This question is motivated by another question posted earlier today.
Let $F$ be a field endowed with an embedding $F\hookrightarrow\Bbb R$. Then the ordering of $\Bbb R$ induces an ordering on $F$.
Is the converse true?
Namely, let $(F,\leq)$ be a characteristic zero ordered field. Is it true that $F$ admits a real embedding such that $\leq$ is induced by the ordering of $\Bbb R$?
I think that if $\Bbb Q$ is dense in $F$ (meaning that for all $x\in F$ and for all $0<q\in\Bbb Q$ there exists $a$, $b\in\Bbb Q$, $a<x<b$ such that $0<b-a<q$)then one can proceed as follows.
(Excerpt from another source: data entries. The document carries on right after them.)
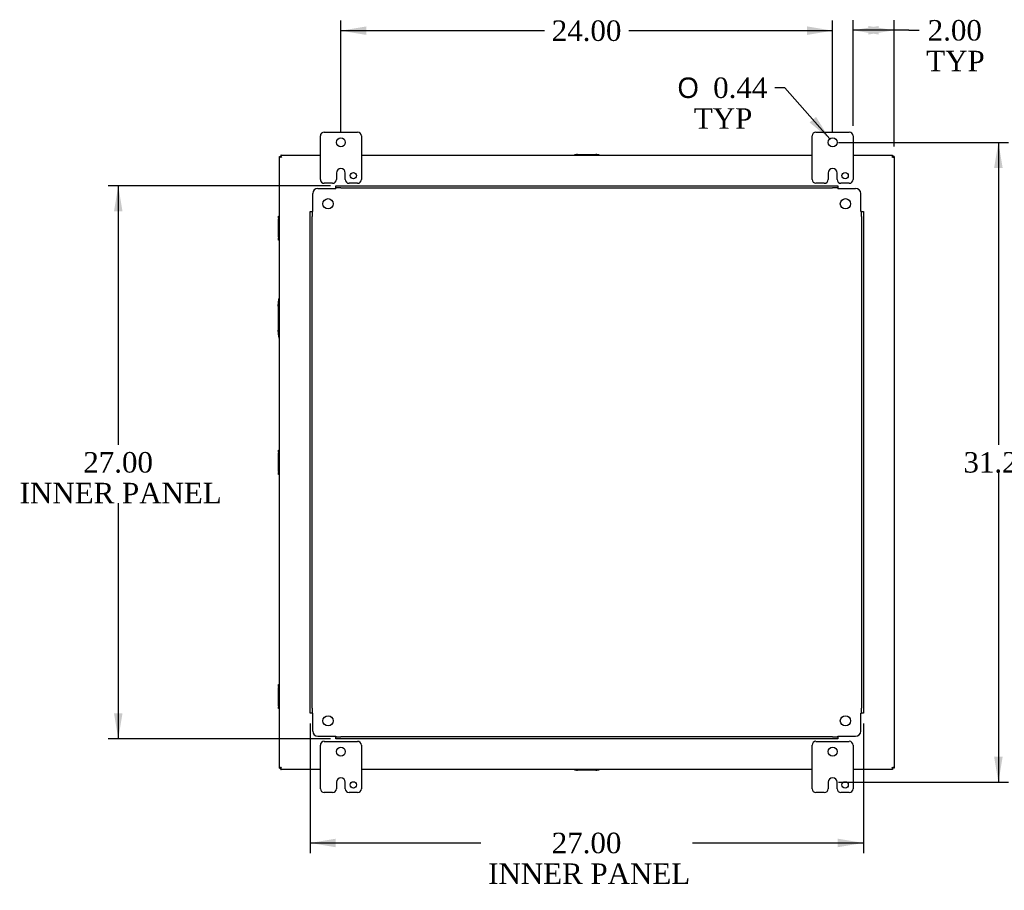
# Model space of a CAD drawing. Header units: inches. Extents: x 1 to 240, y -1 to 159.
# Tile 72 of 77: x 147 to 195, y 59 to 102. Entities that reach past the tile are written whole.
import ezdxf
from ezdxf.enums import TextEntityAlignment as Align
from ezdxf.lldxf.tags import DXFTag

# ---------------------------------------------------------------- set-up
doc = ezdxf.new("R2010")
doc.units = ezdxf.units.IN
doc.header["$MEASUREMENT"] = 0
for name, color, linetype in [('COM40153-2', 7, 'Continuous'), ('COM42189', 7, 'Continuous'), ('COM42667', 7, 'Continuous'), ('COM70726-3', 7, 'Continuous'), ('Default', 7, 'Continuous'), ('FET07720', 7, 'Continuous')]:
    doc.layers.add(name, color=color, linetype=linetype)
doc.styles.add('SEACAD_Solid_Edge_ANSI1_Symbols', font='txt')
doc.styles.add('SEACAD_Times_New_Roman', font='times.ttf')
tags = doc.linetypes.add('HIDDEN2', pattern=[0.1875, 0.125, -0.0625]).pattern_tags.tags
tags[6:7] = [DXFTag(74, 4), DXFTag(75, 0), DXFTag(340, '0'), DXFTag(46, 0.0), DXFTag(50, 0.0), DXFTag(44, 0.0), DXFTag(45, 0.0)]
tags[4:5] = [DXFTag(74, 4), DXFTag(75, 0), DXFTag(340, '0'), DXFTag(46, 0.0), DXFTag(50, 0.0), DXFTag(44, 0.0), DXFTag(45, 0.0)]
doc.dimstyles.new('HAMMOND_(STH_-_240x160)', dxfattribs={"dimtxt": 1, "dimasz": 1.25, "dimexe": 0.5, "dimexo": 0.5, "dimgap": 0.25, "dimtad": 0, "dimtih": 1, "dimtoh": 1, "dimlfac": 0.125, "dimzin": 0, "dimdsep": 46, "dimtxsty": 'SEACAD_Times_New_Roman', "dimblk1": '_SE_FILLED', "dimblk2": '_SE_FILLED', "dimsah": 1, "dimcen": 0.5, "dimadec": 0, "dimazin": 0, "dimtfac": 0.8, "dimtofl": 0, "dimtmove": 0, "dimatfit": 3, "dimfxl": 1, "dimtolj": 1, "dimtzin": 0, "dimarcsym": 0})

# ---------------------------------------------------------------- blocks, each defined once
blk = doc.blocks.new('SE10')
at = {"layer": 'COM40153-2', "color": 7, "linetype": 'Continuous'}
for p, q in [((159.704, 87.796), (159.734, 88.13)), ((159.704, 87.796), (159.704, 86.625)), ((159.734, 86.29), (159.704, 86.625))]:
    blk.add_line(p, q, dxfattribs=at)
for centre, start, end in [((159.858, 88.119), 136.5571, 175), ((159.858, 86.301), 185, 223.4429)]:
    blk.add_arc(centre, 0.125, start, end, dxfattribs=at)
at = {"layer": 'COM42189', "color": 7, "linetype": 'HIDDEN2'}
for p, q in [((161.392, 92.418), (161.392, 93.295)), ((161.642, 93.545), (162.519, 93.545)), ((162.519, 93.67), (162.769, 93.67)), ((162.519, 93.575), (162.519, 93.67)), ((162.519, 93.575), (162.519, 93.545)), ((162.769, 93.575), (162.519, 93.575)), ((162.769, 93.67), (186.766, 93.67)), ((162.769, 93.575), (186.766, 93.575)), ((186.766, 93.67), (187.016, 93.67)), ((187.016, 93.575), (186.766, 93.575)), ((187.016, 93.67), (187.016, 93.575)), ((187.016, 93.545), (187.016, 93.575)), ((187.016, 93.545), (187.892, 93.545)), ((188.142, 92.418), (188.142, 93.295)), ((161.267, 92.418), (161.362, 92.418)), ((161.267, 92.168), (161.267, 92.418)), ((161.392, 92.418), (161.362, 92.418)), ((161.362, 92.418), (161.362, 92.168)), ((188.172, 92.418), (188.142, 92.418)), ((188.172, 92.418), (188.267, 92.418)), ((188.172, 92.168), (188.172, 92.418)), ((188.267, 92.418), (188.267, 92.168)), ((161.267, 68.172), (161.267, 92.168)), ((161.362, 68.172), (161.362, 92.168)), ((188.172, 92.168), (188.172, 68.172)), ((188.267, 92.168), (188.267, 68.172)), ((161.267, 67.922), (161.267, 68.172)), ((161.362, 67.922), (161.267, 67.922)), ((161.362, 68.172), (161.362, 67.922)), ((161.362, 67.922), (161.392, 67.922)), ((161.392, 67.045), (161.392, 67.922)), ((188.142, 67.045), (188.142, 67.922)), ((188.142, 67.922), (188.172, 67.922)), ((188.172, 67.922), (188.172, 68.172)), ((188.267, 67.922), (188.172, 67.922)), ((188.267, 68.172), (188.267, 67.922)), ((161.642, 66.795), (162.519, 66.795)), ((162.519, 66.795), (162.519, 66.765)), ((187.016, 66.795), (187.892, 66.795)), ((187.016, 66.765), (187.016, 66.795)), ((162.519, 66.765), (162.769, 66.765)), ((162.519, 66.67), (162.519, 66.765)), ((162.769, 66.67), (162.519, 66.67)), ((186.766, 66.765), (162.769, 66.765)), ((186.766, 66.67), (162.769, 66.67)), ((186.766, 66.765), (187.016, 66.765)), ((187.016, 66.67), (186.766, 66.67)), ((187.016, 66.765), (187.016, 66.67))]:
    blk.add_line(p, q, dxfattribs=at)
for centre in [(162.142, 92.795), (187.392, 92.795), (162.142, 67.545), (187.392, 67.545)]:
    blk.add_circle(centre, 0.25, dxfattribs=at)
for centre, start, end in [((161.642, 93.295), 90, 180), ((187.892, 93.295), 0, 90), ((161.642, 67.045), 180, 270), ((187.892, 67.045), 270, 0)]:
    blk.add_arc(centre, 0.25, start, end, dxfattribs=at)
at = {"layer": 'COM42667', "color": 7, "linetype": 'Continuous'}
for p, q in [((174.179, 95.209), (174.274, 95.209)), ((174.179, 95.17), (174.179, 95.209)), ((174.322, 95.209), (174.274, 95.209)), ((174.274, 95.209), (174.274, 95.17)), ((174.322, 95.209), (175.213, 95.209)), ((175.261, 95.209), (175.213, 95.209)), ((175.261, 95.17), (175.261, 95.209)), ((175.261, 95.209), (175.356, 95.209)), ((175.356, 95.209), (175.356, 95.17)), ((159.728, 92.102), (159.728, 92.197)), ((159.728, 92.197), (159.767, 92.197)), ((159.728, 92.102), (159.728, 92.054)), ((159.767, 92.102), (159.728, 92.102)), ((159.728, 91.162), (159.728, 92.054)), ((159.728, 91.162), (159.728, 91.114)), ((159.728, 91.019), (159.728, 91.114)), ((159.728, 91.114), (159.767, 91.114)), ((159.767, 91.019), (159.728, 91.019)), ((159.728, 80.664), (159.728, 80.759)), ((159.728, 80.759), (159.767, 80.759)), ((159.728, 80.664), (159.728, 80.616)), ((159.767, 80.664), (159.728, 80.664)), ((159.728, 79.724), (159.728, 80.616)), ((159.728, 79.724), (159.728, 79.676)), ((159.728, 79.581), (159.728, 79.676)), ((159.728, 79.676), (159.767, 79.676)), ((159.767, 79.581), (159.728, 79.581)), ((159.728, 69.226), (159.728, 69.321)), ((159.728, 69.321), (159.767, 69.321)), ((159.728, 69.226), (159.728, 69.178)), ((159.767, 69.226), (159.728, 69.226)), ((159.728, 68.286), (159.728, 69.178)), ((159.728, 68.286), (159.728, 68.238)), ((159.728, 68.143), (159.728, 68.238)), ((159.728, 68.238), (159.767, 68.238)), ((159.767, 68.143), (159.728, 68.143)), ((174.179, 65.131), (174.179, 65.17)), ((174.274, 65.131), (174.179, 65.131)), ((174.274, 65.17), (174.274, 65.131)), ((174.274, 65.131), (174.322, 65.131)), ((175.213, 65.131), (174.322, 65.131)), ((175.213, 65.131), (175.261, 65.131)), ((175.261, 65.131), (175.261, 65.17)), ((175.356, 65.131), (175.261, 65.131)), ((175.356, 65.17), (175.356, 65.131))]:
    blk.add_line(p, q, dxfattribs=at)
at = {"layer": 'COM70726-3', "color": 7, "linetype": 'Continuous'}
for p, q in [((159.84, 95.17), (161.767, 95.17)), ((159.84, 95.17), (159.84, 95.165)), ((159.84, 95.165), (159.84, 95.098)), ((163.767, 95.17), (185.767, 95.17)), ((187.767, 95.17), (189.695, 95.17)), ((189.695, 95.17), (189.695, 95.165)), ((189.695, 95.165), (189.695, 95.098)), ((159.767, 95.098), (159.772, 95.098)), ((159.767, 65.242), (159.767, 95.098)), ((159.772, 95.098), (159.839, 95.098)), ((159.839, 95.098), (159.841, 95.096)), ((159.84, 95.098), (159.841, 95.096)), ((159.842, 95.096), (159.875, 95.062)), ((159.842, 95.096), (159.875, 95.062)), ((189.693, 95.096), (189.659, 95.062)), ((189.693, 95.096), (189.659, 95.062)), ((189.695, 95.098), (189.694, 95.096)), ((189.695, 95.098), (189.694, 95.096)), ((189.763, 95.098), (189.695, 95.098)), ((189.767, 95.098), (189.763, 95.098)), ((189.767, 95.098), (189.767, 65.242)), ((159.767, 65.242), (159.772, 65.242)), ((159.772, 65.242), (159.839, 65.242)), ((159.839, 65.242), (159.841, 65.244)), ((159.84, 65.242), (159.841, 65.244)), ((159.84, 65.175), (159.84, 65.242)), ((159.84, 65.17), (159.84, 65.175)), ((161.767, 65.17), (159.84, 65.17)), ((159.842, 65.244), (159.875, 65.278)), ((159.842, 65.245), (159.875, 65.278)), ((185.767, 65.17), (163.767, 65.17)), ((189.695, 65.17), (187.767, 65.17)), ((189.693, 65.244), (189.659, 65.278)), ((189.693, 65.245), (189.659, 65.278)), ((189.695, 65.242), (189.694, 65.244)), ((189.695, 65.242), (189.694, 65.244)), ((189.763, 65.242), (189.695, 65.242)), ((189.695, 65.175), (189.695, 65.242)), ((189.695, 65.17), (189.695, 65.175)), ((189.767, 65.242), (189.763, 65.242))]:
    blk.add_line(p, q, dxfattribs=at)
for points in [[(159.842, 95.096), (159.845, 95.099), (159.848, 95.102), (159.853, 95.11), (159.855, 95.114), (159.857, 95.122), (159.858, 95.125), (159.86, 95.133), (159.86, 95.136), (159.86, 95.146), (159.858, 95.152), (159.853, 95.158), (159.851, 95.16), (159.846, 95.163), (159.843, 95.164), (159.84, 95.165)], [(189.695, 95.165), (189.691, 95.164), (189.688, 95.163), (189.683, 95.16), (189.681, 95.158), (189.678, 95.154), (189.677, 95.151), (189.675, 95.146), (189.675, 95.143), (189.675, 95.133), (189.676, 95.125), (189.68, 95.114), (189.682, 95.11), (189.687, 95.102), (189.689, 95.099), (189.693, 95.096)], [(159.772, 95.098), (159.773, 95.094), (159.774, 95.091), (159.777, 95.086), (159.779, 95.084), (159.784, 95.081), (159.786, 95.08), (159.792, 95.078), (159.795, 95.078), (159.805, 95.077), (159.812, 95.079), (159.824, 95.083), (159.828, 95.085), (159.835, 95.089), (159.839, 95.092), (159.842, 95.096)], [(189.693, 95.096), (189.696, 95.092), (189.7, 95.089), (189.707, 95.085), (189.711, 95.083), (189.719, 95.08), (189.723, 95.079), (189.73, 95.078), (189.734, 95.078), (189.743, 95.078), (189.749, 95.079), (189.756, 95.084), (189.758, 95.086), (189.761, 95.091), (189.762, 95.094), (189.763, 95.098)], [(159.842, 65.245), (159.839, 65.248), (159.835, 65.251), (159.828, 65.255), (159.824, 65.257), (159.816, 65.26), (159.812, 65.261), (159.805, 65.262), (159.801, 65.263), (159.791, 65.262), (159.786, 65.261), (159.779, 65.256), (159.777, 65.254), (159.774, 65.249), (159.773, 65.246), (159.772, 65.242)], [(159.84, 65.175), (159.843, 65.176), (159.846, 65.177), (159.851, 65.18), (159.853, 65.182), (159.857, 65.186), (159.858, 65.189), (159.859, 65.194), (159.86, 65.197), (159.86, 65.207), (159.859, 65.215), (159.855, 65.226), (159.853, 65.23), (159.848, 65.238), (159.845, 65.241), (159.842, 65.244)], [(189.693, 65.244), (189.689, 65.241), (189.687, 65.238), (189.682, 65.23), (189.68, 65.226), (189.677, 65.219), (189.676, 65.215), (189.675, 65.207), (189.675, 65.204), (189.675, 65.194), (189.677, 65.188), (189.681, 65.182), (189.683, 65.18), (189.688, 65.177), (189.691, 65.176), (189.695, 65.175)], [(189.763, 65.242), (189.762, 65.246), (189.761, 65.249), (189.758, 65.254), (189.756, 65.256), (189.751, 65.259), (189.749, 65.26), (189.743, 65.262), (189.74, 65.262), (189.73, 65.263), (189.723, 65.261), (189.711, 65.257), (189.707, 65.255), (189.7, 65.251), (189.696, 65.248), (189.693, 65.245)]]:
    blk.add_open_spline(points, degree=3, knots=[0, 0, 0, 0, 0.125, 0.125, 0.25, 0.25, 0.375, 0.375, 0.5, 0.5, 0.75, 0.75, 0.875, 0.875, 1, 1, 1, 1], dxfattribs=at)
at = {"layer": 'FET07720', "color": 7, "linetype": 'Continuous'}
for p, q in [((161.767, 93.983), (161.767, 96.108)), ((161.955, 96.295), (163.58, 96.295)), ((163.767, 96.108), (163.767, 93.983)), ((185.767, 93.983), (185.767, 96.108)), ((185.955, 96.295), (187.58, 96.295)), ((187.767, 96.108), (187.767, 93.983)), ((162.549, 94.295), (162.549, 93.983)), ((162.768, 94.513), (162.767, 94.513)), ((162.986, 93.983), (162.986, 94.295)), ((186.549, 94.295), (186.549, 93.983)), ((186.768, 94.513), (186.767, 94.513)), ((186.986, 93.983), (186.986, 94.295)), ((162.362, 93.795), (161.955, 93.795)), ((163.58, 93.795), (163.173, 93.795)), ((186.362, 93.795), (185.955, 93.795)), ((187.58, 93.795), (187.173, 93.795)), ((161.767, 64.233), (161.767, 66.358)), ((161.955, 66.545), (163.58, 66.545)), ((163.767, 66.358), (163.767, 64.233)), ((185.767, 64.233), (185.767, 66.358)), ((185.955, 66.545), (187.58, 66.545)), ((187.767, 66.358), (187.767, 64.233)), ((162.549, 64.545), (162.549, 64.233)), ((162.768, 64.763), (162.767, 64.763)), ((162.986, 64.233), (162.986, 64.545)), ((186.549, 64.545), (186.549, 64.233)), ((186.768, 64.763), (186.767, 64.763)), ((186.986, 64.233), (186.986, 64.545)), ((162.362, 64.045), (161.955, 64.045)), ((163.58, 64.045), (163.173, 64.045)), ((186.362, 64.045), (185.955, 64.045)), ((187.58, 64.045), (187.173, 64.045))]:
    blk.add_line(p, q, dxfattribs=at)
for centre, radius in [((162.767, 95.795), 0.219), ((186.767, 95.795), 0.219), ((163.377, 94.17), 0.156), ((187.377, 94.17), 0.156), ((162.767, 66.045), 0.219), ((186.767, 66.045), 0.219), ((163.377, 64.42), 0.156), ((187.377, 64.42), 0.156)]:
    blk.add_circle(centre, radius, dxfattribs=at)
for centre, radius, start, end in [((161.955, 96.108), 0.188, 90, 180), ((163.58, 96.108), 0.188, 0, 90), ((185.955, 96.108), 0.188, 90, 180), ((187.58, 96.108), 0.187, 0, 90), ((162.767, 94.295), 0.218, 90, 180), ((162.768, 94.295), 0.218, 0, 90), ((186.767, 94.295), 0.218, 90, 180), ((186.768, 94.295), 0.218, 0, 90), ((161.955, 93.983), 0.188, 180, 270), ((162.362, 93.983), 0.188, 270, 0), ((163.173, 93.983), 0.188, 180, 270), ((163.58, 93.983), 0.188, 270, 0), ((185.955, 93.983), 0.187, 180, 270), ((186.362, 93.983), 0.188, 270, 0), ((187.173, 93.983), 0.188, 180, 270), ((187.58, 93.983), 0.188, 270, 0), ((161.955, 66.358), 0.188, 90, 180), ((163.58, 66.358), 0.187, 0, 90), ((185.955, 66.358), 0.188, 90, 180), ((187.58, 66.358), 0.188, 0, 90), ((162.767, 64.545), 0.218, 90, 180), ((162.768, 64.545), 0.218, 0, 90), ((186.767, 64.545), 0.218, 90, 180), ((186.768, 64.545), 0.218, 0, 90), ((161.955, 64.233), 0.187, 180, 270), ((162.362, 64.233), 0.188, 270, 0), ((163.173, 64.233), 0.188, 180, 270), ((163.58, 64.233), 0.188, 270, 0), ((185.955, 64.233), 0.188, 180, 270), ((186.362, 64.233), 0.188, 270, 0), ((187.173, 64.233), 0.188, 180, 270), ((187.58, 64.233), 0.188, 270, 0)]:
    blk.add_arc(centre, radius, start, end, dxfattribs=at)
blk = doc.blocks.new('DMBLK2247')
at = {"layer": 'Default', "linetype": 'Continuous'}
for points in [[(151.696, 92.42), (152.112, 92.42), (151.904, 93.67)], [(151.696, 67.92), (151.904, 66.67), (152.112, 67.92)]]:
    blk.add_hatch(color=7, dxfattribs=at).paths.add_polyline_path(points)
at = {"layer": 'Default', "color": 7, "linetype": 'Continuous'}
for p, q in [((162.269, 93.67), (151.404, 93.67)), ((151.904, 93.67), (151.904, 81.02)), ((151.904, 78.17), (151.904, 66.67)), ((162.269, 66.67), (151.404, 66.67))]:
    blk.add_line(p, q, dxfattribs=at)
at = {"layer": 'Default', "color": 7, "linetype": 'Continuous', "style": 'SEACAD_Times_New_Roman'}
for s, p in [('27.00', (150.198, 80.67)), ('INNER PANEL', (147.094, 79.17))]:
    blk.add_text(s, height=1, dxfattribs=at).set_placement(p, align=Align.TOP_LEFT)
blk = doc.blocks.new('_SE_FILLED')
at = {"color": 0}
blk.add_line((0, 0), (-1, 0), dxfattribs=at)
blk.add_solid([(0, 0), (-1, -0.1665), (-1, 0.1665), (0, 0)], dxfattribs=at)
blk = doc.blocks.new('DMBLK2248')
at = {"layer": 'Default', "linetype": 'Continuous'}
for points in [[(162.517, 61.375), (162.517, 61.791), (161.267, 61.583)], [(187.017, 61.375), (188.267, 61.583), (187.017, 61.791)]]:
    blk.add_hatch(color=7, dxfattribs=at).paths.add_polyline_path(points)
at = {"layer": 'Default', "color": 7, "linetype": 'Continuous'}
for p, q in [((161.267, 67.422), (161.267, 61.083)), ((188.267, 67.422), (188.267, 61.083)), ((161.267, 61.583), (169.607, 61.583)), ((179.928, 61.583), (188.267, 61.583))]:
    blk.add_line(p, q, dxfattribs=at)
at = {"layer": 'Default', "color": 7, "linetype": 'Continuous', "style": 'SEACAD_Times_New_Roman'}
for s, p in [('27.00', (173.061, 62.083)), ('INNER PANEL', (169.957, 60.583))]:
    blk.add_text(s, height=1, dxfattribs=at).set_placement(p, align=Align.TOP_LEFT)
blk = doc.blocks.new('DMBLK2266')
at = {"layer": 'Default', "linetype": 'Continuous'}
for points in [[(195.067, 94.545), (194.858, 95.795), (194.65, 94.545)], [(195.067, 65.795), (194.65, 65.795), (194.858, 64.545)]]:
    blk.add_hatch(color=7, dxfattribs=at).paths.add_polyline_path(points)
at = {"layer": 'Default', "color": 7, "linetype": 'Continuous'}
for p, q in [((187.049, 95.795), (195.358, 95.795)), ((194.858, 95.795), (194.858, 81.02)), ((194.858, 79.67), (194.858, 64.545)), ((187.049, 64.545), (195.358, 64.545))]:
    blk.add_line(p, q, dxfattribs=at)
at = {"layer": 'Default', "color": 7, "linetype": 'Continuous', "style": 'SEACAD_Times_New_Roman'}
blk.add_text('31.25', height=1, dxfattribs=at).set_placement((193.152, 80.67), align=Align.TOP_LEFT)
blk = doc.blocks.new('DMBLK2267')
at = {"layer": 'Default', "linetype": 'Continuous'}
for points in [[(164.017, 101.457), (162.767, 101.248), (164.017, 101.04)], [(185.517, 101.457), (185.517, 101.04), (186.767, 101.248)]]:
    blk.add_hatch(color=7, dxfattribs=at).paths.add_polyline_path(points)
at = {"layer": 'Default', "color": 7, "linetype": 'Continuous'}
for p, q in [((162.767, 96.295), (162.767, 101.748)), ((186.767, 96.295), (186.767, 101.748)), ((172.711, 101.248), (162.767, 101.248)), ((186.767, 101.248), (176.824, 101.248))]:
    blk.add_line(p, q, dxfattribs=at)
at = {"layer": 'Default', "color": 7, "linetype": 'Continuous', "style": 'SEACAD_Times_New_Roman'}
blk.add_text('24.00', height=1, dxfattribs=at).set_placement((173.061, 101.748), align=Align.TOP_LEFT)
blk = doc.blocks.new('DMBLK2268')
at = {"layer": 'Default', "linetype": 'Continuous'}
for points in [[(189.017, 101.476), (187.767, 101.267), (189.017, 101.059)], [(188.517, 101.476), (188.517, 101.059), (189.767, 101.267)]]:
    blk.add_hatch(color=7, dxfattribs=at).paths.add_polyline_path(points)
at = {"layer": 'Default', "color": 7, "linetype": 'Continuous'}
for p, q in [((187.767, 96.608), (187.767, 101.767)), ((189.767, 95.598), (189.767, 101.767)), ((190.487, 101.267), (187.767, 101.267)), ((190.487, 101.267), (190.987, 101.267))]:
    blk.add_line(p, q, dxfattribs=at)
at = {"layer": 'Default', "color": 7, "linetype": 'Continuous', "style": 'SEACAD_Times_New_Roman'}
for s, p in [('2.00', (191.408, 101.767)), ('TYP', (191.337, 100.267))]:
    blk.add_text(s, height=1, dxfattribs=at).set_placement(p, align=Align.TOP_LEFT)
blk = doc.blocks.new('DMBLK2269')
at = {"layer": 'Default', "linetype": 'Continuous'}
blk.add_hatch(color=7, dxfattribs=at).paths.add_polyline_path([(185.645, 96.765), (186.624, 95.96), (185.959, 97.039)])
at = {"layer": 'Default', "color": 7, "linetype": 'Continuous'}
for p, q in [((184.442, 98.461), (183.942, 98.461)), ((186.624, 95.96), (184.442, 98.461))]:
    blk.add_line(p, q, dxfattribs=at)
for s, style, p in [('O', 'SEACAD_Solid_Edge_ANSI1_Symbols', (179.198, 98.961)), ('0.44', 'SEACAD_Times_New_Roman', (180.938, 98.961)), ('TYP', 'SEACAD_Times_New_Roman', (179.997, 97.461))]:
    blk.add_text(s, height=1, dxfattribs=dict(at, style=style)).set_placement(p, align=Align.TOP_LEFT)

msp = doc.modelspace()

# ---------------------------------------------------------------- block references
at = {"layer": 'Default'}
msp.add_blockref('SE10', (0, 0), dxfattribs=at)

# ---------------------------------------------------------------- dimensions: what is measured, and where the dimension line sits
at = {"layer": 'Default', "color": 7, "linetype": 'Continuous'}
for base, p1, p2, text, override, picture, middle in [((162.767, 101.248), (186.767, 95.795), (162.767, 95.795), '\\A1;<>', {"dimlfac": 1}, 'DMBLK2267', (174.767, 101.248)), ((187.767, 101.267), (189.767, 95.098), (187.767, 96.108), '\\A1;<>\\PTYP', {"dimlfac": 1, "dimtmove": 1}, 'DMBLK2268', (190.987, 101.267))]:
    dim = msp.add_linear_dim(base=base, p1=p1, p2=p2, text=text, dimstyle='HAMMOND_(STH_-_240x160)', override=override, dxfattribs=at)
    dim.commit()
    dim.dimension.update_dxf_attribs({"geometry": picture, "text_midpoint": middle, "dimtype": 160})
dim = msp.add_diameter_dim_2p(p1=(186.911, 95.63), p2=(186.624, 95.96), text='\\A1;<>\\PTYP', dimstyle='HAMMOND_(STH_-_240x160)', override={"dimlfac": 1}, dxfattribs=at)
dim.commit()
dim.dimension.update_dxf_attribs({"geometry": 'DMBLK2269', "text_midpoint": (183.942, 98.461), "dimtype": 163})
for base, p1, p2, angle, text, picture, middle in [((194.858, 95.795), (186.549, 95.795), (186.549, 64.545), 270.0014, '\\A1;<>', 'DMBLK2266', (194.858, 80.17)), ((151.904, 93.67), (162.769, 93.67), (162.769, 66.67), 270, '\\A1;<>\\PINNER PANEL', 'DMBLK2247', (151.904, 80.17)), ((161.267, 61.583), (161.267, 68.172), (188.267, 68.172), 0, '\\A1;<>\\PINNER PANEL', 'DMBLK2248', (174.767, 61.583))]:
    dim = msp.add_linear_dim(base=base, p1=p1, p2=p2, angle=angle, text=text, dimstyle='HAMMOND_(STH_-_240x160)', override={"dimlfac": 1}, dxfattribs=at)
    dim.commit()
    dim.dimension.update_dxf_attribs({"geometry": picture, "text_midpoint": middle, "dimtype": 161})

doc.saveas('drawing.dxf')

Given $x\in F$ let $S_x^+=\{q\in\Bbb Q\mid q>x\}$ and $S_x^-=\{q\in\Bbb Q\mid q<x\}$. Then we can define an embedding $F\hookrightarrow\Bbb R$ sending $\Bbb Q$ to $\Bbb Q$ identically and every $x\in F\setminus\Bbb Q$ to the unique real number $r\in\Bbb R$ bigger than every rational in $S_x^-$ and smaller than any rational in $S_x^+$.
If this is correct, the question is which ordered fields admit $\Bbb Q$ as a dense subset in the above sense. My guess is that all the algebraic extensions of $\Bbb Q$ which are ordered are of this sort.
It is clear that algebraic extension do not exhaust all possibilities. For instance one can order a field of transcendence degree 1 over $\Bbb Q$ in such a way $\Bbb Q$ is dense in it, e.g. $F=\Bbb Q(T)$ can be ordered by fixing an isomorphisms $F\simeq\Bbb Q(\pi)$ and since there are actually uncountably many algebraically independent transcendental numbers there's room for even (way) more complicated examples. But these examples are fields that are already taken, up to isomorphism, inside $\Bbb R$ so the reasoning here is somewhat circular.
I am sure that the answer is actually well-known, but I don't recall having read anything of this sort.